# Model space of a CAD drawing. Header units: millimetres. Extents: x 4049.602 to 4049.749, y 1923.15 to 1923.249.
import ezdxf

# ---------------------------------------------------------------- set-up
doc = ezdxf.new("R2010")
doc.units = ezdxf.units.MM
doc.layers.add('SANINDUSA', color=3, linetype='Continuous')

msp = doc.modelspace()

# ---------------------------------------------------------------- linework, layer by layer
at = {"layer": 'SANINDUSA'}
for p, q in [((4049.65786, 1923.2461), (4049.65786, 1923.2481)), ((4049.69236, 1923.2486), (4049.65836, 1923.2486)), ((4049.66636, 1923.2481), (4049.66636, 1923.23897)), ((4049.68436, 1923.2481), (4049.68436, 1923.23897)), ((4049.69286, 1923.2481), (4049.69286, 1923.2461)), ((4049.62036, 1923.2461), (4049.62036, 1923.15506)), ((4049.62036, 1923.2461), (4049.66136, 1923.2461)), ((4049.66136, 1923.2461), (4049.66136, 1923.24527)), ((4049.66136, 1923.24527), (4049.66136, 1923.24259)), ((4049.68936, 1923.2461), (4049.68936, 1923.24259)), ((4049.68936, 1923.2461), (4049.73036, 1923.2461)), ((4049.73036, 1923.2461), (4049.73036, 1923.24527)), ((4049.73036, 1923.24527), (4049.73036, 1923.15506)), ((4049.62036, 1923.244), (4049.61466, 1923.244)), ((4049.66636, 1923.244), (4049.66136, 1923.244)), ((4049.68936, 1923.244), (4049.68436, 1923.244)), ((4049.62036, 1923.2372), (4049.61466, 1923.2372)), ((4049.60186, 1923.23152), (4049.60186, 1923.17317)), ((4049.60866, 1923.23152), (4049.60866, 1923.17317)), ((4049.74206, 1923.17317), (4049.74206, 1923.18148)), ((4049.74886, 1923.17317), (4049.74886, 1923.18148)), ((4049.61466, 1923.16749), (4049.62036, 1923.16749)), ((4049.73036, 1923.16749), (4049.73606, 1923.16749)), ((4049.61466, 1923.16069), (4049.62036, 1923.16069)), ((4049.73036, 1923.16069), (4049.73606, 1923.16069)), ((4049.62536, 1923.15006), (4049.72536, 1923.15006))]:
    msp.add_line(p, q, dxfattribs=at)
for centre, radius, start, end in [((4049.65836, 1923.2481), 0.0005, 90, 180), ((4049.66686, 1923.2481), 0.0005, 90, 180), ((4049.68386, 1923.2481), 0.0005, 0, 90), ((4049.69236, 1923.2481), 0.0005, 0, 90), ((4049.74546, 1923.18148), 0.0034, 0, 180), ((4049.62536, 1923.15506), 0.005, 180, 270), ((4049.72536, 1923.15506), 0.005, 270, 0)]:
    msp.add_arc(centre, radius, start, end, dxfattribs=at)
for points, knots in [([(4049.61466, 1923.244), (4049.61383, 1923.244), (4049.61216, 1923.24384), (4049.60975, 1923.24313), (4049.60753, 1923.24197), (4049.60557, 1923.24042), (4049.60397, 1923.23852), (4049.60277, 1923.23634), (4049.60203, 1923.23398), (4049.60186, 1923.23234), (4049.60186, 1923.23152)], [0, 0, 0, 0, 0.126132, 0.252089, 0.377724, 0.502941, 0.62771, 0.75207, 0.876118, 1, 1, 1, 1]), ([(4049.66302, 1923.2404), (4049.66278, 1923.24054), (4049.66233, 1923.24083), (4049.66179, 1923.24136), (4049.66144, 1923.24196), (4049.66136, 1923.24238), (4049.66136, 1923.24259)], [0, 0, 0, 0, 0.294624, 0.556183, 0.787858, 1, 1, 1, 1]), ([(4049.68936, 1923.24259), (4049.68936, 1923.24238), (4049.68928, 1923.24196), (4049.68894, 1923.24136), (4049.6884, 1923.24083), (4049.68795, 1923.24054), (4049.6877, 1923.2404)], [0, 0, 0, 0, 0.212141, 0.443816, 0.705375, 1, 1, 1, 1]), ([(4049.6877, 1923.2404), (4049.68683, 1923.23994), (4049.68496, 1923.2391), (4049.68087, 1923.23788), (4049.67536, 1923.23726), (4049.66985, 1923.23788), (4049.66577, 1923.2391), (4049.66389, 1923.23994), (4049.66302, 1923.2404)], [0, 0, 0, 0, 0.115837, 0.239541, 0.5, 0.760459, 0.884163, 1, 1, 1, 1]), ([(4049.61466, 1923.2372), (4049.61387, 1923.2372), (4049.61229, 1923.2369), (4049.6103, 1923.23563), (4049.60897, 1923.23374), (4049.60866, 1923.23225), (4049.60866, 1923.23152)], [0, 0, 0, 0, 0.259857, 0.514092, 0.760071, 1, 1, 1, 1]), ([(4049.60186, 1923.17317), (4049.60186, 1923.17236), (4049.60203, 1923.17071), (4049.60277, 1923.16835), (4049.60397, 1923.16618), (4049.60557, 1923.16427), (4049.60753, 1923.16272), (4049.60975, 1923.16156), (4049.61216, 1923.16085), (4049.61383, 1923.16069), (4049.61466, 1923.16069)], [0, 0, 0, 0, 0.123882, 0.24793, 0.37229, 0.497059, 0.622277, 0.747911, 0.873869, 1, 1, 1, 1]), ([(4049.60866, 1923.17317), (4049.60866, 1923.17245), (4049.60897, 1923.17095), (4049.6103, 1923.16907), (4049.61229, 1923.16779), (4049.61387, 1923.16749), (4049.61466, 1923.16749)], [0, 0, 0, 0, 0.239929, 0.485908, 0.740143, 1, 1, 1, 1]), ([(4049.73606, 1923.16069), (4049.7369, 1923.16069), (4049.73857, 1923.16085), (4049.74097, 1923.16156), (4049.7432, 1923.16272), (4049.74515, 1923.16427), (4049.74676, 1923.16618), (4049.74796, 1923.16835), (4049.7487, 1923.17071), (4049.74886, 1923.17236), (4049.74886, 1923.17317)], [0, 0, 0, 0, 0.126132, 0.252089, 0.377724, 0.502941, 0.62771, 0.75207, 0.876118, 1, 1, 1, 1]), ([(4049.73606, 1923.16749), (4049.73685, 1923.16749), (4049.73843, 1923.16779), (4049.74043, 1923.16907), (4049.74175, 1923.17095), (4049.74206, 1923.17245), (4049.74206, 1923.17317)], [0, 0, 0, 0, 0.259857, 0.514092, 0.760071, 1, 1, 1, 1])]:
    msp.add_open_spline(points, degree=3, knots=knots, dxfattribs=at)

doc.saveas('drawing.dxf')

* * *

Please reproduce the data as it was given, with every line exact.

# Model space of a CAD drawing. Header units: millimetres. Extents: x 4049.602 to 4049.749, y 1923.15 to 1923.249.
import ezdxf

# ---------------------------------------------------------------- set-up
doc = ezdxf.new("R2010")
doc.units = ezdxf.units.MM
doc.layers.add('SANINDUSA', color=3, linetype='Continuous')

msp = doc.modelspace()

# ---------------------------------------------------------------- linework, layer by layer
at = {"layer": 'SANINDUSA'}
for p, q in [((4049.65786, 1923.2461), (4049.65786, 1923.2481)), ((4049.69236, 1923.2486), (4049.65836, 1923.2486)), ((4049.66636, 1923.2481), (4049.66636, 1923.23897)), ((4049.68436, 1923.2481), (4049.68436, 1923.23897)), ((4049.69286, 1923.2481), (4049.69286, 1923.2461)), ((4049.62036, 1923.2461), (4049.62036, 1923.15506)), ((4049.62036, 1923.2461), (4049.66136, 1923.2461)), ((4049.66136, 1923.2461), (4049.66136, 1923.24527)), ((4049.66136, 1923.24527), (4049.66136, 1923.24259)), ((4049.68936, 1923.2461), (4049.68936, 1923.24259)), ((4049.68936, 1923.2461), (4049.73036, 1923.2461)), ((4049.73036, 1923.2461), (4049.73036, 1923.24527)), ((4049.73036, 1923.24527), (4049.73036, 1923.15506)), ((4049.62036, 1923.244), (4049.61466, 1923.244)), ((4049.66636, 1923.244), (4049.66136, 1923.244)), ((4049.68936, 1923.244), (4049.68436, 1923.244)), ((4049.62036, 1923.2372), (4049.61466, 1923.2372)), ((4049.60186, 1923.23152), (4049.60186, 1923.17317)), ((4049.60866, 1923.23152), (4049.60866, 1923.17317)), ((4049.74206, 1923.17317), (4049.74206, 1923.18148)), ((4049.74886, 1923.17317), (4049.74886, 1923.18148)), ((4049.61466, 1923.16749), (4049.62036, 1923.16749)), ((4049.73036, 1923.16749), (4049.73606, 1923.16749)), ((4049.61466, 1923.16069), (4049.62036, 1923.16069)), ((4049.73036, 1923.16069), (4049.73606, 1923.16069)), ((4049.62536, 1923.15006), (4049.72536, 1923.15006))]:
    msp.add_line(p, q, dxfattribs=at)
for centre, radius, start, end in [((4049.65836, 1923.2481), 0.0005, 90, 180), ((4049.66686, 1923.2481), 0.0005, 90, 180), ((4049.68386, 1923.2481), 0.0005, 0, 90), ((4049.69236, 1923.2481), 0.0005, 0, 90), ((4049.74546, 1923.18148), 0.0034, 0, 180), ((4049.62536, 1923.15506), 0.005, 180, 270), ((4049.72536, 1923.15506), 0.005, 270, 0)]:
    msp.add_arc(centre, radius, start, end, dxfattribs=at)
for points, knots in [([(4049.61466, 1923.244), (4049.61383, 1923.244), (4049.61216, 1923.24384), (4049.60975, 1923.24313), (4049.60753, 1923.24197), (4049.60557, 1923.24042), (4049.60397, 1923.23852), (4049.60277, 1923.23634), (4049.60203, 1923.23398), (4049.60186, 1923.23234), (4049.60186, 1923.23152)], [0, 0, 0, 0, 0.126132, 0.252089, 0.377724, 0.502941, 0.62771, 0.75207, 0.876118, 1, 1, 1, 1]), ([(4049.66302, 1923.2404), (4049.66278, 1923.24054), (4049.66233, 1923.24083), (4049.66179, 1923.24136), (4049.66144, 1923.24196), (4049.66136, 1923.24238), (4049.66136, 1923.24259)], [0, 0, 0, 0, 0.294624, 0.556183, 0.787858, 1, 1, 1, 1]), ([(4049.68936, 1923.24259), (4049.68936, 1923.24238), (4049.68928, 1923.24196), (4049.68894, 1923.24136), (4049.6884, 1923.24083), (4049.68795, 1923.24054), (4049.6877, 1923.2404)], [0, 0, 0, 0, 0.212141, 0.443816, 0.705375, 1, 1, 1, 1]), ([(4049.6877, 1923.2404), (4049.68683, 1923.23994), (4049.68496, 1923.2391), (4049.68087, 1923.23788), (4049.67536, 1923.23726), (4049.66985, 1923.23788), (4049.66577, 1923.2391), (4049.66389, 1923.23994), (4049.66302, 1923.2404)], [0, 0, 0, 0, 0.115837, 0.239541, 0.5, 0.760459, 0.884163, 1, 1, 1, 1]), ([(4049.61466, 1923.2372), (4049.61387, 1923.2372), (4049.61229, 1923.2369), (4049.6103, 1923.23563), (4049.60897, 1923.23374), (4049.60866, 1923.23225), (4049.60866, 1923.23152)], [0, 0, 0, 0, 0.259857, 0.514092, 0.760071, 1, 1, 1, 1]), ([(4049.60186, 1923.17317), (4049.60186, 1923.17236), (4049.60203, 1923.17071), (4049.60277, 1923.16835), (4049.60397, 1923.16618), (4049.60557, 1923.16427), (4049.60753, 1923.16272), (4049.60975, 1923.16156), (4049.61216, 1923.16085), (4049.61383, 1923.16069), (4049.61466, 1923.16069)], [0, 0, 0, 0, 0.123882, 0.24793, 0.37229, 0.497059, 0.622277, 0.747911, 0.873869, 1, 1, 1, 1]), ([(4049.60866, 1923.17317), (4049.60866, 1923.17245), (4049.60897, 1923.17095), (4049.6103, 1923.16907), (4049.61229, 1923.16779), (4049.61387, 1923.16749), (4049.61466, 1923.16749)], [0, 0, 0, 0, 0.239929, 0.485908, 0.740143, 1, 1, 1, 1]), ([(4049.73606, 1923.16069), (4049.7369, 1923.16069), (4049.73857, 1923.16085), (4049.74097, 1923.16156), (4049.7432, 1923.16272), (4049.74515, 1923.16427), (4049.74676, 1923.16618), (4049.74796, 1923.16835), (4049.7487, 1923.17071), (4049.74886, 1923.17236), (4049.74886, 1923.17317)], [0, 0, 0, 0, 0.126132, 0.252089, 0.377724, 0.502941, 0.62771, 0.75207, 0.876118, 1, 1, 1, 1]), ([(4049.73606, 1923.16749), (4049.73685, 1923.16749), (4049.73843, 1923.16779), (4049.74043, 1923.16907), (4049.74175, 1923.17095), (4049.74206, 1923.17245), (4049.74206, 1923.17317)], [0, 0, 0, 0, 0.259857, 0.514092, 0.760071, 1, 1, 1, 1])]:
    msp.add_open_spline(points, degree=3, knots=knots, dxfattribs=at)

doc.saveas('drawing.dxf')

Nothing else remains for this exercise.